§ Task prompt
Every line below is to be set down again exactly; any image stays out.
○ ○ ○ ○
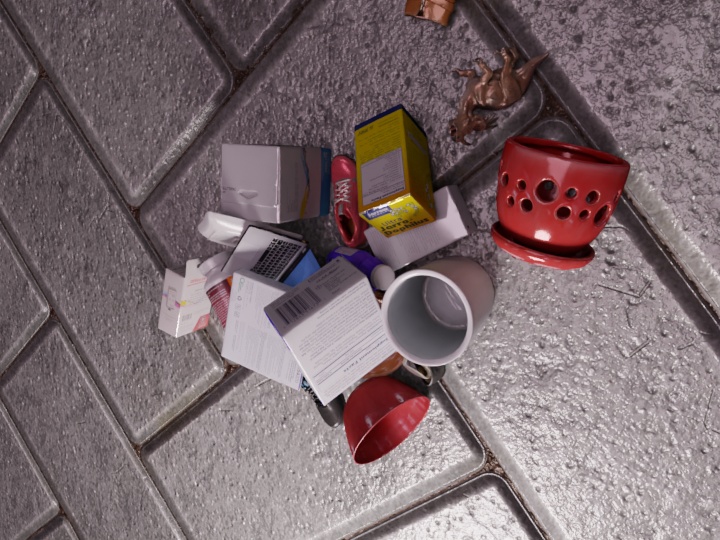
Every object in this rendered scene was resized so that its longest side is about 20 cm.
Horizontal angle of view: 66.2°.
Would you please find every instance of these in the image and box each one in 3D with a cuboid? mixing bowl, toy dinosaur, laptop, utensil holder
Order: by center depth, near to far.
[{"bbox_3d":[0.240,-0.314,0.985,0.197,0.086,0.137,-18,103,12],"label":"toy dinosaur"},{"bbox_3d":[0.154,0.064,1.032,0.168,0.199,0.173,6,104,26],"label":"utensil holder"},{"bbox_3d":[-0.171,0.027,1.134,0.187,0.198,0.117,-44,38,47],"label":"laptop"},{"bbox_3d":[0.038,0.295,1.158,0.109,0.199,0.201,48,118,32],"label":"mixing bowl"}]

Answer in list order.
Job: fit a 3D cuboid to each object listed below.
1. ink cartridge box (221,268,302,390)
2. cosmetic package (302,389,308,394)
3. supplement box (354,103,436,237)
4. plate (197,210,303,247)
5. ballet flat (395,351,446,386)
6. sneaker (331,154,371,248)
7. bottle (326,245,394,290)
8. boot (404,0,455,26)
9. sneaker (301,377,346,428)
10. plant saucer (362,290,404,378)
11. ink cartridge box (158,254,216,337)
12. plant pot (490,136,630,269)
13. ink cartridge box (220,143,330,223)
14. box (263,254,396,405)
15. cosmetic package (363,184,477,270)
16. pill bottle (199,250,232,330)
[{"bbox_3d":[-0.185,0.120,1.135,0.198,0.043,0.199,20,110,15],"label":"ink cartridge box"},{"bbox_3d":[-0.095,0.171,1.252,0.104,0.071,0.203,-8,96,29],"label":"cosmetic package"},{"bbox_3d":[0.063,-0.184,1.033,0.108,0.109,0.203,-18,61,29],"label":"supplement box"},{"bbox_3d":[-0.241,-0.070,1.173,0.199,0.197,0.033,166,116,-67],"label":"plate"},{"bbox_3d":[0.101,0.153,1.114,0.201,0.068,0.068,51,152,-11],"label":"ballet flat"},{"bbox_3d":[-0.023,-0.143,1.144,0.073,0.087,0.203,-13,94,27],"label":"sneaker"},{"bbox_3d":[0.000,0.000,1.116,0.199,0.065,0.084,15,137,62],"label":"bottle"},{"bbox_3d":[0.172,-0.518,0.982,0.199,0.073,0.157,26,110,33],"label":"boot"},{"bbox_3d":[-0.096,0.250,1.181,0.073,0.082,0.202,-24,89,28],"label":"sneaker"},{"bbox_3d":[0.014,0.133,1.178,0.197,0.038,0.203,2,108,5],"label":"plant saucer"},{"bbox_3d":[-0.427,0.051,1.373,0.067,0.116,0.203,22,108,21],"label":"ink cartridge box"},{"bbox_3d":[0.317,-0.114,0.919,0.198,0.200,0.185,21,116,21],"label":"plant pot"},{"bbox_3d":[-0.172,-0.185,1.148,0.145,0.199,0.148,9,104,24],"label":"ink cartridge box"},{"bbox_3d":[-0.052,0.111,1.032,0.105,0.183,0.202,38,158,51],"label":"box"},{"bbox_3d":[0.117,-0.079,1.094,0.198,0.071,0.103,-26,88,29],"label":"cosmetic package"},{"bbox_3d":[-0.300,0.061,1.311,0.112,0.113,0.202,-31,86,28],"label":"pill bottle"}]
○ ○ ○ ○
§ Response
Every object in this rendered scene was resized so that its longest side is about 20 cm.
Horizontal angle of view: 66.2°.
Would you please find every instance of these in the image and box each one in 3D with a cuboid? mixing bowl, toy dinosaur, laptop, utensil holder
Order: by center depth, near to far.
[{"bbox_3d":[0.240,-0.314,0.985,0.197,0.086,0.137,-18,103,12],"label":"toy dinosaur"},{"bbox_3d":[0.154,0.064,1.032,0.168,0.199,0.173,6,104,26],"label":"utensil holder"},{"bbox_3d":[-0.171,0.027,1.134,0.187,0.198,0.117,-44,38,47],"label":"laptop"},{"bbox_3d":[0.038,0.295,1.158,0.109,0.199,0.201,48,118,32],"label":"mixing bowl"}]

Answer in list order.
Job: fit a 3D cuboid to each object listed below.
1. ink cartridge box (221,268,302,390)
2. cosmetic package (302,389,308,394)
3. supplement box (354,103,436,237)
4. plate (197,210,303,247)
5. ballet flat (395,351,446,386)
6. sneaker (331,154,371,248)
7. bottle (326,245,394,290)
8. boot (404,0,455,26)
9. sneaker (301,377,346,428)
10. plant saucer (362,290,404,378)
11. ink cartridge box (158,254,216,337)
12. plant pot (490,136,630,269)
13. ink cartridge box (220,143,330,223)
14. box (263,254,396,405)
15. cosmetic package (363,184,477,270)
16. pill bottle (199,250,232,330)
[{"bbox_3d":[-0.185,0.120,1.135,0.198,0.043,0.199,20,110,15],"label":"ink cartridge box"},{"bbox_3d":[-0.095,0.171,1.252,0.104,0.071,0.203,-8,96,29],"label":"cosmetic package"},{"bbox_3d":[0.063,-0.184,1.033,0.108,0.109,0.203,-18,61,29],"label":"supplement box"},{"bbox_3d":[-0.241,-0.070,1.173,0.199,0.197,0.033,166,116,-67],"label":"plate"},{"bbox_3d":[0.101,0.153,1.114,0.201,0.068,0.068,51,152,-11],"label":"ballet flat"},{"bbox_3d":[-0.023,-0.143,1.144,0.073,0.087,0.203,-13,94,27],"label":"sneaker"},{"bbox_3d":[0.000,0.000,1.116,0.199,0.065,0.084,15,137,62],"label":"bottle"},{"bbox_3d":[0.172,-0.518,0.982,0.199,0.073,0.157,26,110,33],"label":"boot"},{"bbox_3d":[-0.096,0.250,1.181,0.073,0.082,0.202,-24,89,28],"label":"sneaker"},{"bbox_3d":[0.014,0.133,1.178,0.197,0.038,0.203,2,108,5],"label":"plant saucer"},{"bbox_3d":[-0.427,0.051,1.373,0.067,0.116,0.203,22,108,21],"label":"ink cartridge box"},{"bbox_3d":[0.317,-0.114,0.919,0.198,0.200,0.185,21,116,21],"label":"plant pot"},{"bbox_3d":[-0.172,-0.185,1.148,0.145,0.199,0.148,9,104,24],"label":"ink cartridge box"},{"bbox_3d":[-0.052,0.111,1.032,0.105,0.183,0.202,38,158,51],"label":"box"},{"bbox_3d":[0.117,-0.079,1.094,0.198,0.071,0.103,-26,88,29],"label":"cosmetic package"},{"bbox_3d":[-0.300,0.061,1.311,0.112,0.113,0.202,-31,86,28],"label":"pill bottle"}]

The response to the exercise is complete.